OLYMPUS DIGITAL CAMERANicolas Pozniak, 29 ans, avocat, végétalien depuis plus d’un an. Antécédents sportifs : arts martiaux (lutte, kungfu et taekwondo) et musculation Marathon de paris 2017

Au départ, je me suis inscrit en juillet 2016 pour mon père : il fait le marathon chaque année depuis plus de 10 ans et je vois que plus les années passent, plus c’est difficile pour lui ; j’ai réalisé que si je voulais lui faire plaisir en courant avec lui, je devais le faire maintenant. Ensuite, j’ai découvert Magà Ettori. J’ai trouvé l’initiative inspirante sans toutefois oser le contacter. Certainement en raison de mon caractère et du fait que je ne me trouvais pas « légitime » pour participer à une telle opération (je ne suis végétalien que depuis peu (moins de 2 ans), je ne suis pas particulièrement sportif, je n’ai pas déployé les efforts que tu as déployé, je ne suis pas encore un militant très impliqué etc…). J’ai donc fait comme la majorité silencieuse, j’ai regardé, j’ai liké et j’ai envoyé quelques messages d’encouragements mais pas +. Ensuite, ma sœur m’a dit « mais attend, pourquoi tu ne cours pas au moins avec un tee shirt personnalisé? » J’ai trouvé l’idée super, mais en même temps je ne voyais pas trop comment faire (le marathon approchait).

Motivation

Toute la difficulté à mon sens lorsque l’on veut promouvoir une cause, c’est de trouver le bon message : celui qui interpellera les non-initiés sans les rebuter.

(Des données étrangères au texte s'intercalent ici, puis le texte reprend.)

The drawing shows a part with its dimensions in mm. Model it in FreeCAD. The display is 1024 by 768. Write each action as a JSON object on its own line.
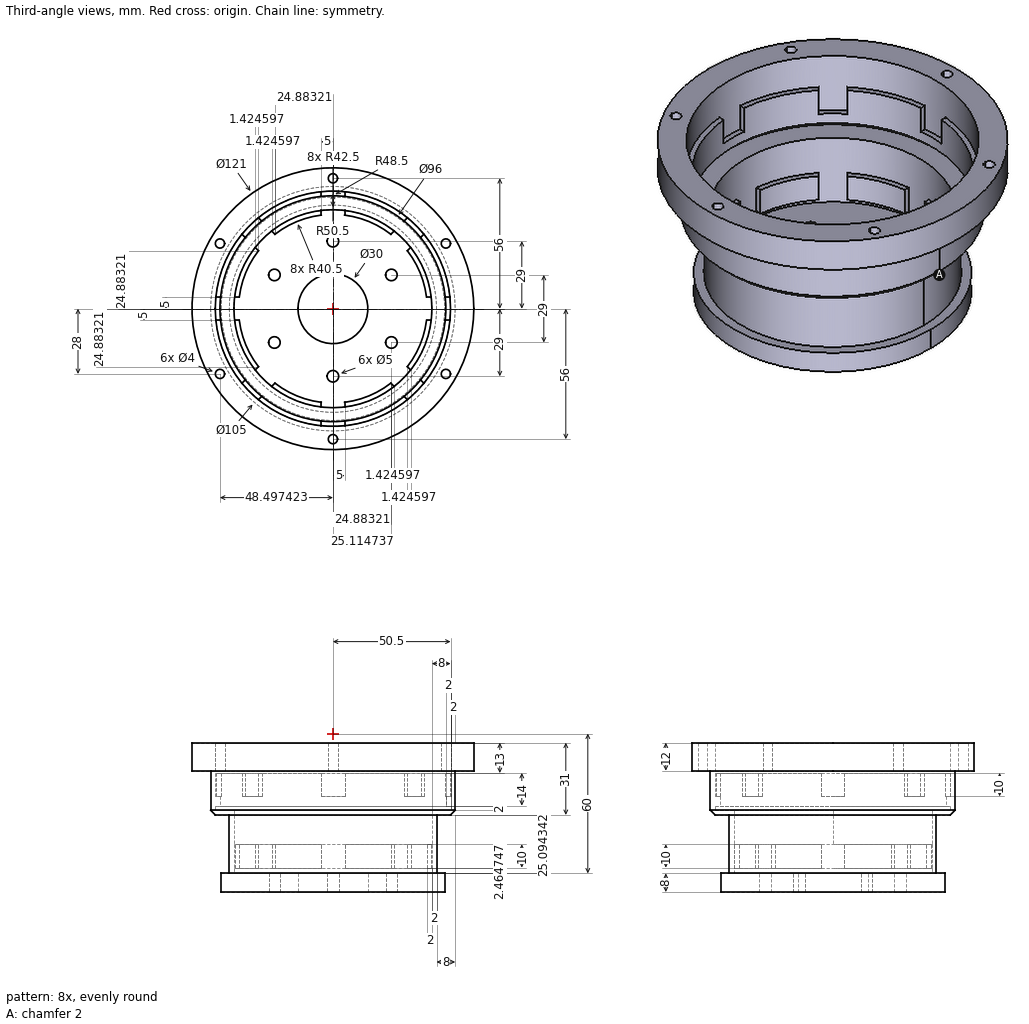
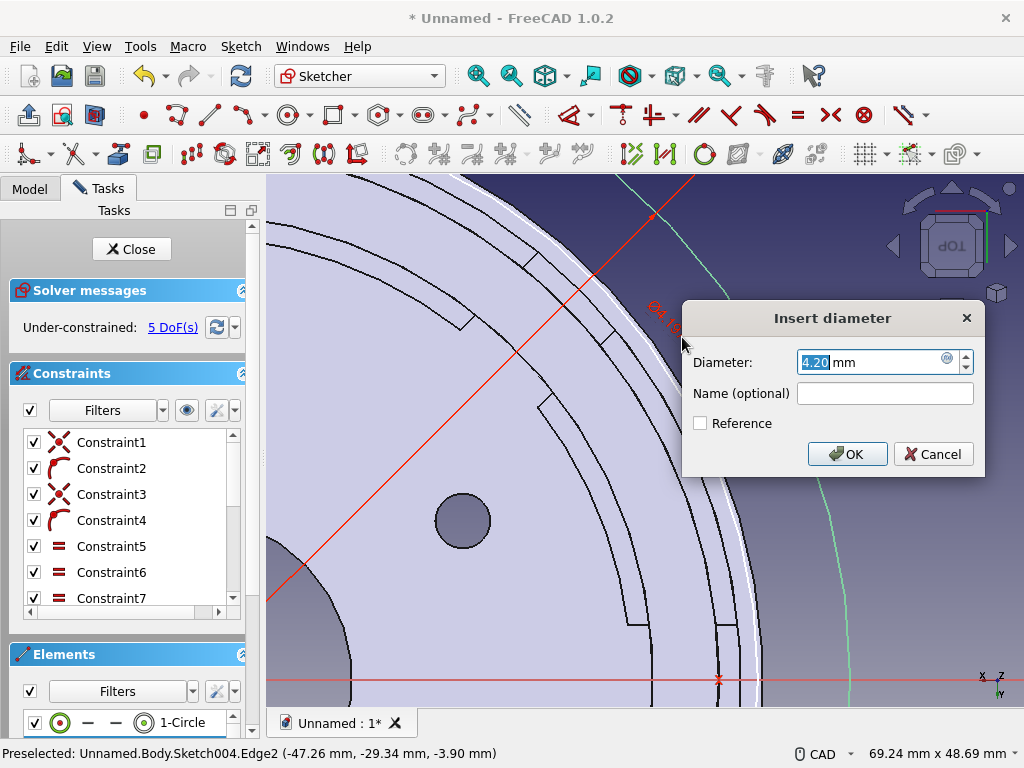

Je cherchais donc un message positif, non culpabilisant ni provocateur. Vegan Power, dans un contexte sportif comme le marathon, m’a beaucoup plu. Il permet de dire en quelque sorte, vous voyez, le véganisme permet aussi de faire ce genre d’exploit, alors pourquoi ne pas essayer. C’est un peu la voie que j’ai trouvé actuellement pour défendre la cause vegan, celle de l’exemplarité.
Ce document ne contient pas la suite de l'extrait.